I’ve read about using flywheels as storage devices. They could be made cheaply, have a massive weight for efficiency and storage capacity. It’s something worth exploring and once up to rotational velocity, it wouldn’t take much to keep it there until the sun goes down.

Been reading about this technology for 40 years now. Very little progress. It is a great example of something that works well in the lab, but has difficulty in the field.

In the end, it is mechanical. Bearings and supports fail. Exotic bearings (think, maglev) are, well, still too exotic. Failures of the rotating mass hold great danger. It is not portable in a car, etc.

Maybe they can make it work someday. We'll see.
 
An old friend and I recently shared a long car ride. He's a materials engineer, I'm a software engineer. We both had a long discussion on our respective past careers (both retired, we were on a volunteer gig).

The one thing that kept coming up was how applying research and lab products to the real world is so damn difficult.
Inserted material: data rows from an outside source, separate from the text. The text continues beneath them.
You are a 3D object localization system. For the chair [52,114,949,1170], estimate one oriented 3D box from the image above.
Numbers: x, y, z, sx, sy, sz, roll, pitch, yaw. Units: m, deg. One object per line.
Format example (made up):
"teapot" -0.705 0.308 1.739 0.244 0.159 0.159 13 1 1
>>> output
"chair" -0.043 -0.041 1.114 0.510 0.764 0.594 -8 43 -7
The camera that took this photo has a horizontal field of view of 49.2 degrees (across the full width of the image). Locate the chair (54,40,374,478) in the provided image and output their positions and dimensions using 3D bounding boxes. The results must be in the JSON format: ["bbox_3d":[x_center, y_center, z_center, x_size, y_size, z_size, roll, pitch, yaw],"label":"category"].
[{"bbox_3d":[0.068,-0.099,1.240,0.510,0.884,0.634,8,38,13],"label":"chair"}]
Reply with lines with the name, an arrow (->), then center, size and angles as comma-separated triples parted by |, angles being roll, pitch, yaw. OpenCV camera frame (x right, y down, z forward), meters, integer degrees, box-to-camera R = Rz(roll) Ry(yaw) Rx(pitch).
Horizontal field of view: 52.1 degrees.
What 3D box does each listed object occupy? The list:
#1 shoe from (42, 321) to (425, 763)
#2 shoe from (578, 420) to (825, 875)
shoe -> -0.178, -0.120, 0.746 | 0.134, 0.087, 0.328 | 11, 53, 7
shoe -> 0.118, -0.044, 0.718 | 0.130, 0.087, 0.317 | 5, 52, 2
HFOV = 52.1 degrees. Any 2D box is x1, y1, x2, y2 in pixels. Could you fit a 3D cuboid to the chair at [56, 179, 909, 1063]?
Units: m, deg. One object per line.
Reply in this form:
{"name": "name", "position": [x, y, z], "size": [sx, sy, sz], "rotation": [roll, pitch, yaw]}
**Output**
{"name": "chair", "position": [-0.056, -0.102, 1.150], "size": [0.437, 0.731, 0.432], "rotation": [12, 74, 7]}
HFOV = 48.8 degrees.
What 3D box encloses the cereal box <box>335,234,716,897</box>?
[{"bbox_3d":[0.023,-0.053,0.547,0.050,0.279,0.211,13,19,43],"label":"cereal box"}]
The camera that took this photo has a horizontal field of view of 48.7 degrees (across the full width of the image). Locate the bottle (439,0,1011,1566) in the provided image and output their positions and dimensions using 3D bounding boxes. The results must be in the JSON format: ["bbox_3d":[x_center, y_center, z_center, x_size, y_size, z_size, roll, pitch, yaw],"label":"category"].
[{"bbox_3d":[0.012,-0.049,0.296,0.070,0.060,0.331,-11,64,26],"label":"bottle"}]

That is an engineer's job, after all. We shared frustrations of schedule and budget pressures. Despite our completely different disciplines, we shared this one foundational issue of engineering.

That's the thing. This stuff (new storage ideas) can and will happen. But can it be safe, economical, reliable, and manufacturable? Lab demos do not the real world make.
 
Regarding flywheel energy storage, Wikipedia has this article summarizing the various experimental applications. Most were for special applications, such as hybrid cars to recover and reuse energy which would have been lost during braking. Needless to say, most of these have been fulfilled more easily with lithium batteries.

See: https://en.wikipedia.org/wiki/Flywheel_energy_storage.

Most of the experiments were for smaller-scale and special applications, which require storing and discharging energy at a high power, but in periodic pulses. The examples include rail guns, catapults on aircraft carriers, testing equipments for labs testing circuit breakers, etc...

But for storing energy for long-term usage such as storing solar energy for use overnight, one can imagine that scaling up to a flywheel capable of storing GWh's is going to be a daunting task, not including consideration for catastrophic failures of the bearings.

I am surprised to learn of the following project for grid energy storage. The 80 MWh capacity is large enough to be exciting. This is more interesting than a lithium battery of the same capacity. :)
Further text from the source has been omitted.